Lo que cada día convierte la escena en conmovedora es que ese hombre está solo. El lugar, frente a Montecitorio, es escenario habitual de protestas ciudadanas, y a menudo hay carteles reivindicativos; o algo más tarde, a la hora de entrada de los diputados, se reúnen cámaras de televisión y ruidosos grupos de manifestantes que abuchean o vocean consignas. Sin embargo, a la hora en que nuestro hombre se presenta no hay nadie. Sólo un par de carabinieri que pasean aburridos por la plaza desierta y algún turista que se asoma, curioso, por la ventana de un hotel próximo. Y es allí, en aquella soledad, ante la puerta vacía del Parlamento, donde se alza esa voz serena y desafiante, pronunciando palabras que suenan clásicas y hermosas: reprensiones morales, llamados a la conciencia, sentencias que todo ciudadano honrado, todo político decente, deberían tener por su evangelio. Y después, cada vez, acabado el discurso, nuestro hombre dobla despacio el papel, lo guarda en la cartera y se va dignamente, en silencio. Mesurado como un ciudadano de la antigua Roma.
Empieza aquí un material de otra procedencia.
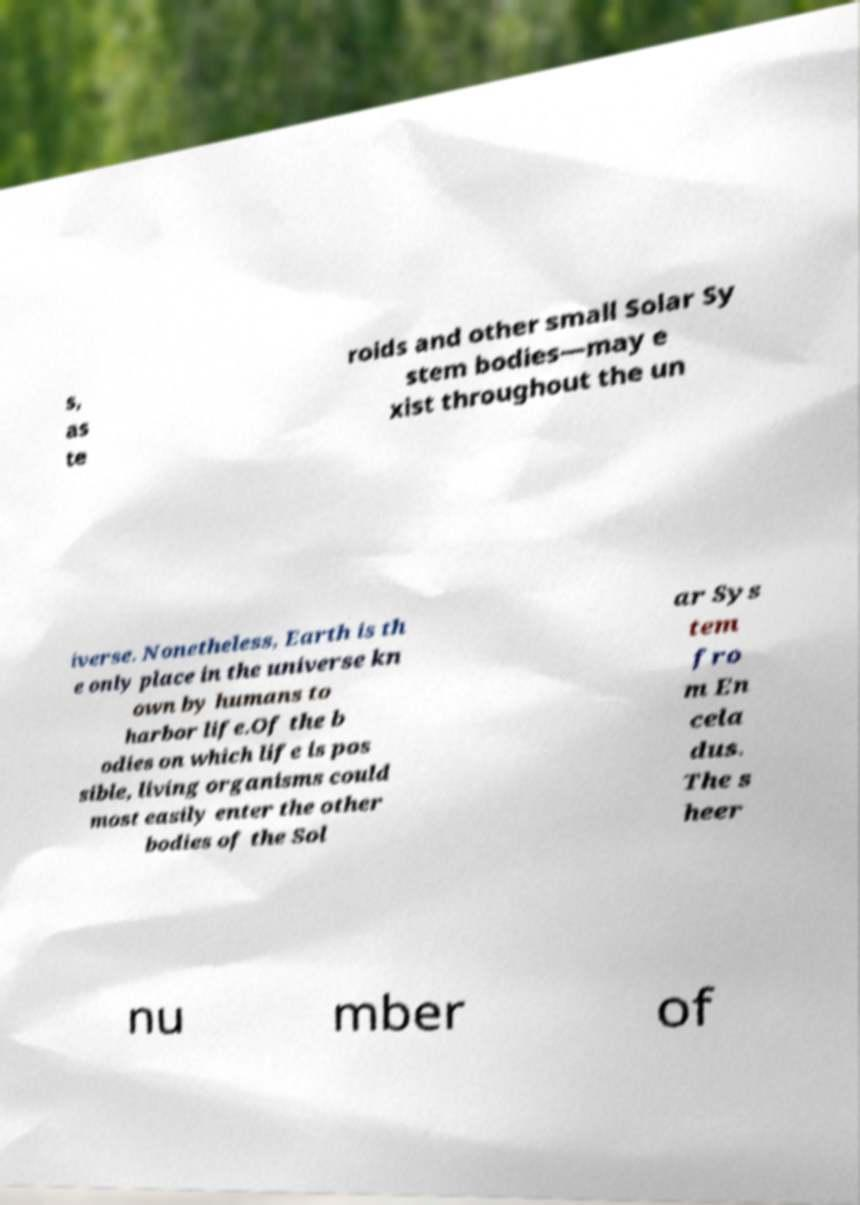Can you accurately transcribe the text from the provided image for me? s, as te roids and other small Solar Sy stem bodies—may e xist throughout the un iverse. Nonetheless, Earth is th e only place in the universe kn own by humans to harbor life.Of the b odies on which life is pos sible, living organisms could most easily enter the other bodies of the Sol ar Sys tem fro m En cela dus. The s heer nu mber of

Cada vez, viéndolo marcharse con tan admirable continente, no puedo evitar pensar en los otros: sus ilustres antecesores. Pensar en los Gracos, en Cicerón pronunciando ante el Senado su inmortal «Quousque tandem abutere, Catilina, patienta nostra». En Bruto, Casio y los que ensangrentaron la túnica de César. En los hombres flacos de sueño inquieto de los que hablaba Shakespeare, cuyos ojos abiertos los hacen incómodos para los tiranos y los canallas. En los hombres justos de aquella Roma republicana, embellecida por la Historia, pero cuyos ejemplos formales tanto influyeron en el mundo, en los derechos y libertades de los hombres que supieron regirse a sí mismos. En la conciencia moral, superior hasta en las actitudes -y quizá superior, precisamente, a causa de ellas-, que tanto sigue necesitando esta Europa miserable y analfabeta, este compadreo de golfos oportunistas que nos desgobierna y del que también somos responsables, pues de entre nosotros mismos, de nuestra desidia e incultura, han nacido. En el consuelo casi analgésico de escuchar cada mañana, todavía, la voz serena de un último romano.